こうした国際学会において、RareCyte社は空間生物学プラットフォーム「Orion」と、 循環腫瘍細胞(CTC)解析を支える「CyteFinder」を通じて、がん研究の進展を支援しています。今回のAACR 2026でも、空間プロテオミクス、腫瘍微小環境解析、AI画像解析、リキッドバイオプシー、治療応答予測といった分野で、これらのプラットフォームを活用した演題が複数紹介されています。

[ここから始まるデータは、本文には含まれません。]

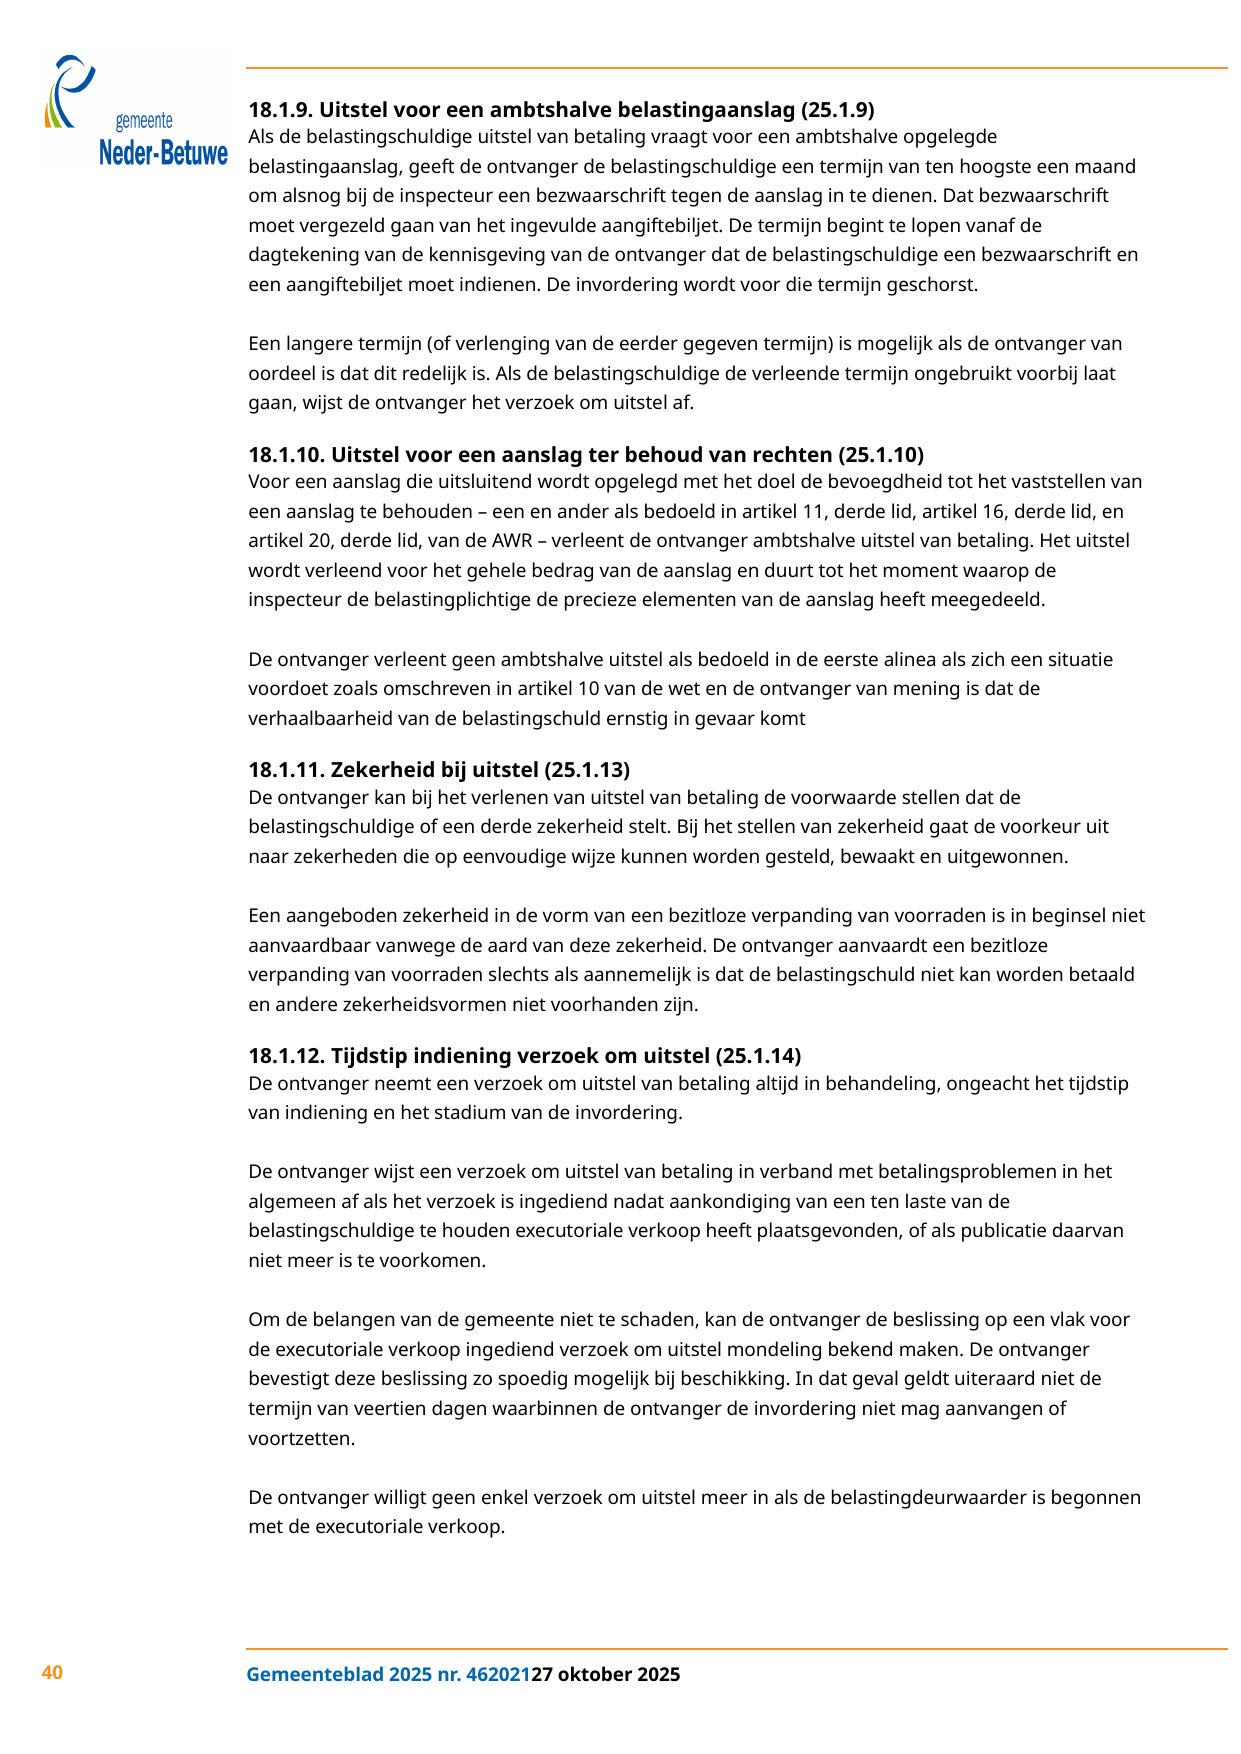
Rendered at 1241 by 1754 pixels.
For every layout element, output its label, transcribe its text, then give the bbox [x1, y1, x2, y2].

text 18.1.12. Tijdstip indiening verzoek om uitstel (25.1.14) [248, 1041, 1152, 1070]
text De ontvanger kan bij het verlenen van uitstel van betaling de voorwaarde stellen dat de belastingschuldige of een derde zekerheid stelt. Bij het stellen van zekerheid gaat de voorkeur uit naar zekerheden die op eenvoudige wijze kunnen worden gesteld, bewaakt en uitgewonnen. [248, 784, 1152, 869]
text Een langere termijn (of verlenging van de eerder gegeven termijn) is mogelijk als de ontvanger van oordeel is dat dit redelijk is. Als de belastingschuldige de verleende termijn ongebruikt voorbij laat gaan, wijst de ontvanger het verzoek om uitstel af. [248, 330, 1152, 415]
text De ontvanger verleent geen ambtshalve uitstel als bedoeld in de eerste alinea als zich een situatie voordoet zoals omschreven in artikel 10 van de wet en de ontvanger van mening is dat de verhaalbaarheid van de belastingschuld ernstig in gevaar komt [248, 646, 1152, 731]
text De ontvanger willigt geen enkel verzoek om uitstel meer in als de belastingdeurwaarder is begonnen met de executoriale verkoop. [248, 1484, 1152, 1539]
text Voor een aanslag die uitsluitend wordt opgelegd met het doel de bevoegdheid tot het vaststellen van een aanslag te behouden – een en ander als bedoeld in artikel 11, derde lid, artikel 16, derde lid, en artikel 20, derde lid, van de AWR – verleent de ontvanger ambtshalve uitstel van betaling. Het uitstel wordt verleend voor het gehele bedrag van de aanslag en duurt tot het moment waarop de inspecteur de belastingplichtige de precieze elementen van de aanslag heeft meegedeeld. [248, 468, 1152, 612]
text Een aangeboden zekerheid in de vorm van een bezitloze verpanding van voorraden is in beginsel niet aanvaardbaar vanwege de aard van deze zekerheid. De ontvanger aanvaardt een bezitloze verpanding van voorraden slechts als aannemelijk is dat de belastingschuld niet kan worden betaald en andere zekerheidsvormen niet voorhanden zijn. [248, 902, 1152, 1017]
text 18.1.11. Zekerheid bij uitstel (25.1.13) [248, 755, 1152, 784]
text 18.1.9. Uitstel voor een ambtshalve belastingaanslag (25.1.9) [248, 95, 1152, 123]
text Om de belangen van de gemeente niet te schaden, kan de ontvanger de beslissing op een vlak voor de executoriale verkoop ingediend verzoek om uitstel mondeling bekend maken. De ontvanger bevestigt deze beslissing zo spoedig mogelijk bij beschikking. In dat geval geldt uiteraard niet de termijn van veertien dagen waarbinnen de ontvanger de invordering niet mag aanvangen of voortzetten. [248, 1306, 1152, 1451]
text De ontvanger wijst een verzoek om uitstel van betaling in verband met betalingsproblemen in het algemeen af als het verzoek is ingediend nadat aankondiging van een ten laste van de belastingschuldige te houden executoriale verkoop heeft plaatsgevonden, of als publicatie daarvan niet meer is te voorkomen. [248, 1158, 1152, 1273]
text De ontvanger neemt een verzoek om uitstel van betaling altijd in behandeling, ongeacht het tijdstip van indiening en het stadium van de invordering. [248, 1070, 1152, 1125]
picture [41, 47, 231, 172]
text Als de belastingschuldige uitstel van betaling vraagt voor een ambtshalve opgelegde belastingaanslag, geeft de ontvanger de belastingschuldige een termijn van ten hoogste een maand om alsnog bij de inspecteur een bezwaarschrift tegen de aanslag in te dienen. Dat bezwaarschrift moet vergezeld gaan van het ingevulde aangiftebiljet. De termijn begint te lopen vanaf de dagtekening van de kennisgeving van de ontvanger dat de belastingschuldige een bezwaarschrift en een aangiftebiljet moet indienen. De invordering wordt voor die termijn geschorst. [248, 123, 1152, 297]
text 18.1.10. Uitstel voor een aanslag ter behoud van rechten (25.1.10) [248, 440, 1152, 468]

本記事では、AACR Annual Meeting 2026 の概要とともに、RareCyte関連の注目演題を整理し、現在のがん研究において空間生物学とリキッドバイオプシーがどのような価値を発揮しているのかを紹介します。
AACR Annual Meetingとは
AACR Annual Meetingは、がんの発症機構、腫瘍免疫、病理、創薬、診断、バイオマーカー開発、臨床研究など、がん研究に関わる幅広い領域の研究者、医療関係者、企業が一堂に会する国際会議です。学術的な発表に加え、企業展示や技術紹介も充実しており、研究現場で求められる新しい解析技術や装置、試薬、データ解析ソリューションの動向を把握するうえでも重要な機会となっています。
特に近年は、腫瘍組織内の細胞配置や機能状態を可視化する「空間生物学」と、血液中の希少細胞や循環腫瘍細胞を対象とする「リキッドバイオプシー」の重要性が高まっています。いずれも、従来の単純な平均値では捉えきれない腫瘍の不均一性や微小環境、治療応答性の違いを理解するために欠かせない技術領域です。

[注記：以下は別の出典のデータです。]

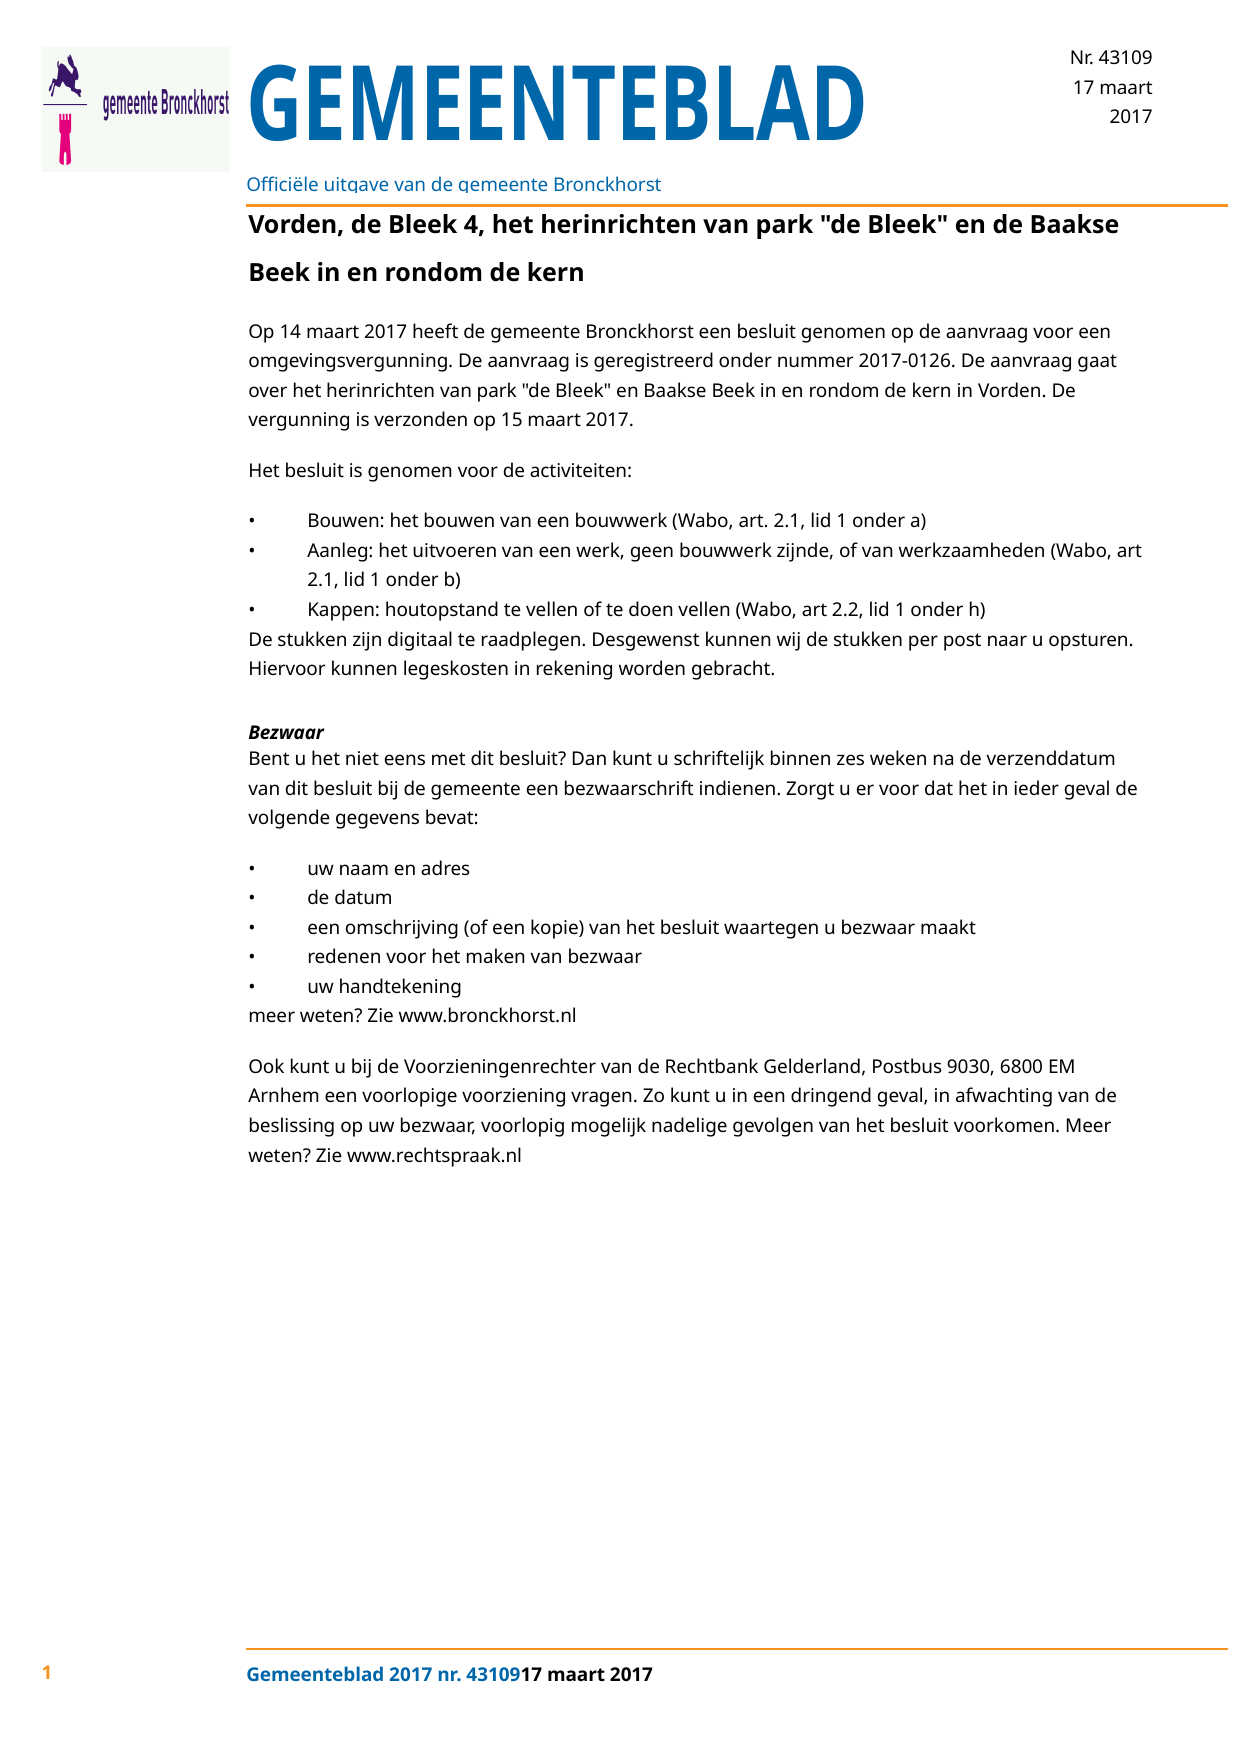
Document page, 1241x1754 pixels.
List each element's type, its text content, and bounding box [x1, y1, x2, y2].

list de datum [248, 884, 1152, 910]
text Bent u het niet eens met dit besluit? Dan kunt u schriftelijk binnen zes weken na de verzenddatum van dit besluit bij de gemeente een bezwaarschrift indienen. Zorgt u er voor dat het in ieder geval de volgende gegevens bevat: [248, 745, 1152, 830]
text Het besluit is genomen voor de activiteiten: [248, 457, 1152, 483]
text meer weten? Zie www.bronckhorst.nl [248, 1003, 1152, 1028]
list een omschrijving (of een kopie) van het besluit waartegen u bezwaar maakt [248, 914, 1152, 939]
text Ook kunt u bij de Voorzieningenrechter van de Rechtbank Gelderland, Postbus 9030, 6800 EM Arnhem een voorlopige voorziening vragen. Zo kunt u in een dringend geval, in afwachting van de beslissing op uw bezwaar, voorlopig mogelijk nadelige gevolgen van het besluit voorkomen. Meer weten? Zie www.rechtspraak.nl [248, 1053, 1152, 1167]
list Bouwen: het bouwen van een bouwwerk (Wabo, art. 2.1, lid 1 onder a) [248, 507, 1152, 533]
list uw naam en adres [248, 855, 1152, 880]
text De stukken zijn digitaal te raadplegen. Desgewenst kunnen wij de stukken per post naar u opsturen. Hiervoor kunnen legeskosten in rekening worden gebracht. [248, 626, 1152, 681]
list Kappen: houtopstand te vellen of te doen vellen (Wabo, art 2.2, lid 1 onder h) [248, 596, 1152, 622]
list redenen voor het maken van bezwaar [248, 943, 1152, 969]
list uw handtekening [248, 973, 1152, 999]
text Bezwaar [248, 719, 1152, 745]
list Aanleg: het uitvoeren van een werk, geen bouwwerk zijnde, of van werkzaamheden (Wabo, art 2.1, lid 1 onder b) [248, 537, 1152, 592]
picture [41, 47, 231, 172]
text Vorden, de Bleek 4, het herinrichten van park "de Bleek" en de Baakse Beek in en rondom de kern [248, 207, 1152, 288]
text Op 14 maart 2017 heeft de gemeente Bronckhorst een besluit genomen op de aanvraag voor een omgevingsvergunning. De aanvraag is geregistreerd onder nummer 2017-0126. De aanvraag gaat over het herinrichten van park "de Bleek" en Baakse Beek in en rondom de kern in Vorden. De vergunning is verzonden op 15 maart 2017. [248, 318, 1152, 432]

RareCyteがAACR 2026で示す技術的な位置づけ
RareCyte社は、組織切片の多重蛍光イメージングによる空間解析を実現する「Orion」と、希少細胞の検出・画像確認・回収に対応する「CyteFinder」を通じて、空間生物学とリキッドバイオプシーの両面から研究を支援しています。
Orionは、腫瘍組織における免疫細胞や腫瘍細胞、周辺微小環境の空間的な関係性を評価する用途に適しており、創薬研究、トランスレーショナル研究、病理解析、バイオマーカー探索などで活用が進んでいます。一方、CyteFinderは、血液やその他液性検体中の循環腫瘍細胞を対象とした検出・解析に強みを持ち、非侵襲的なバイオマーカー評価や治療モニタリングの研究に利用されています。

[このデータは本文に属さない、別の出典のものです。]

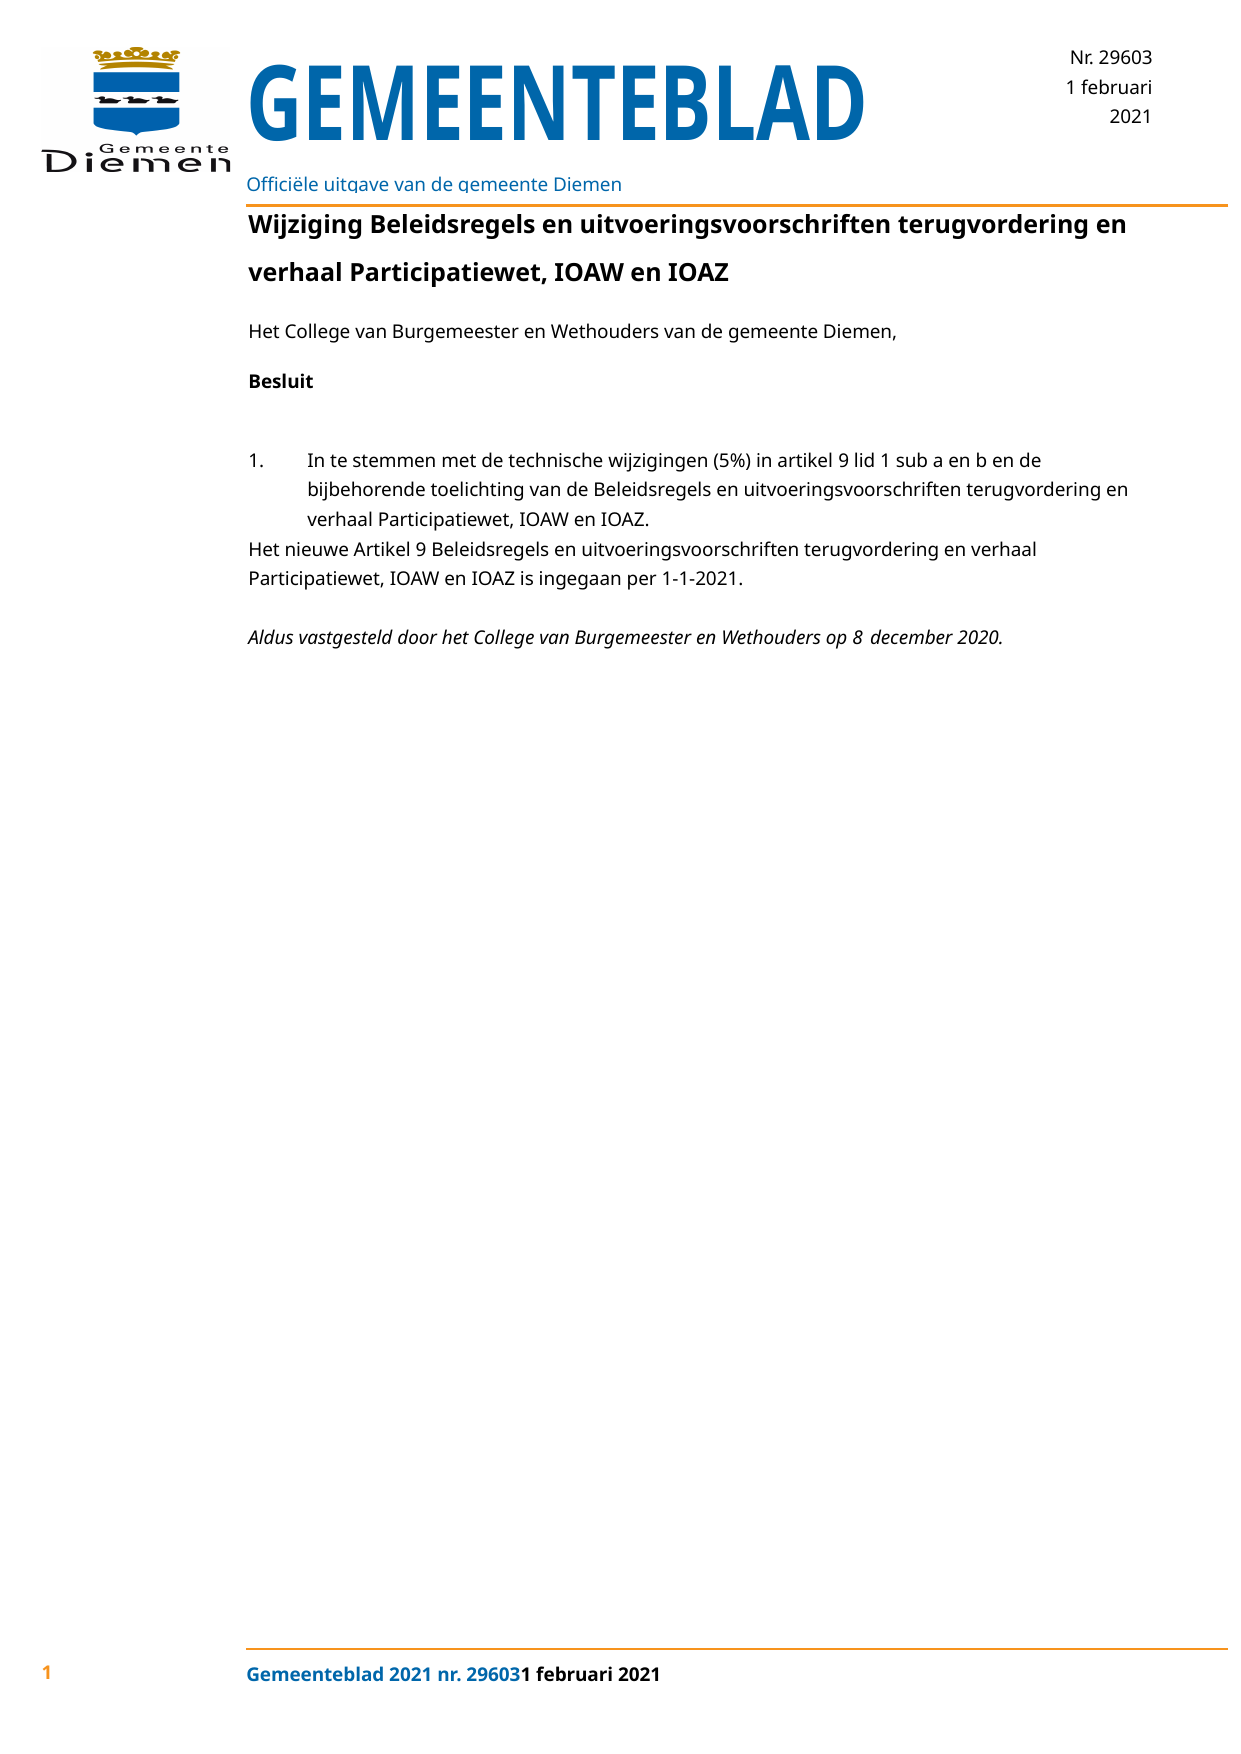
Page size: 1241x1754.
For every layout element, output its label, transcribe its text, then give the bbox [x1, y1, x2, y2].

text Het College van Burgemeester en Wethouders van de gemeente Diemen, [248, 318, 1152, 344]
text Het nieuwe Artikel 9 Beleidsregels en uitvoeringsvoorschriften terugvordering en verhaal Participatiewet, IOAW en IOAZ is ingegaan per 1-1-2021. [248, 536, 1152, 591]
text Aldus vastgesteld door het College van Burgemeester en Wethouders op 8 december 2020. [248, 624, 1152, 650]
list In te stemmen met de technische wijzigingen (5%) in artikel 9 lid 1 sub a en b en de bijbehorende toelichting van de Beleidsregels en uitvoeringsvoorschriften terugvordering en verhaal Participatiewet, IOAW en IOAZ. [248, 447, 1152, 532]
text Besluit [248, 368, 1152, 394]
picture [41, 47, 231, 172]
text Wijziging Beleidsregels en uitvoeringsvoorschriften terugvordering en verhaal Participatiewet, IOAW en IOAZ [248, 207, 1152, 288]

AACR 2026 における発表演題を見ると、RareCyteの技術は単なる装置紹介にとどまらず、実際の研究課題に対する解析基盤として用いられていることが分かります。とくに、免疫微小環境の可視化、がん幹細胞ニッチの同定、臨床試験における免疫解析、AIを組み合わせた病理画像解析、CTCベースの治療応答予測など、現在のがん研究で重要性の高いテーマが並んでいます。
注目演題:空間生物学関連
今回の発表では、空間生物学を活用した演題が多数含まれています。たとえば、膵がんにおけるCD44v9の時空間的な動態解析では、治療抵抗性に関与する老化細胞由来ニッチの解明が試みられています。また、膵上皮内腫瘍におけるがん幹細胞の局在を空間的に評価する研究も報告されており、腫瘍進展や再発の理解に向けた新たな視点として注目されます。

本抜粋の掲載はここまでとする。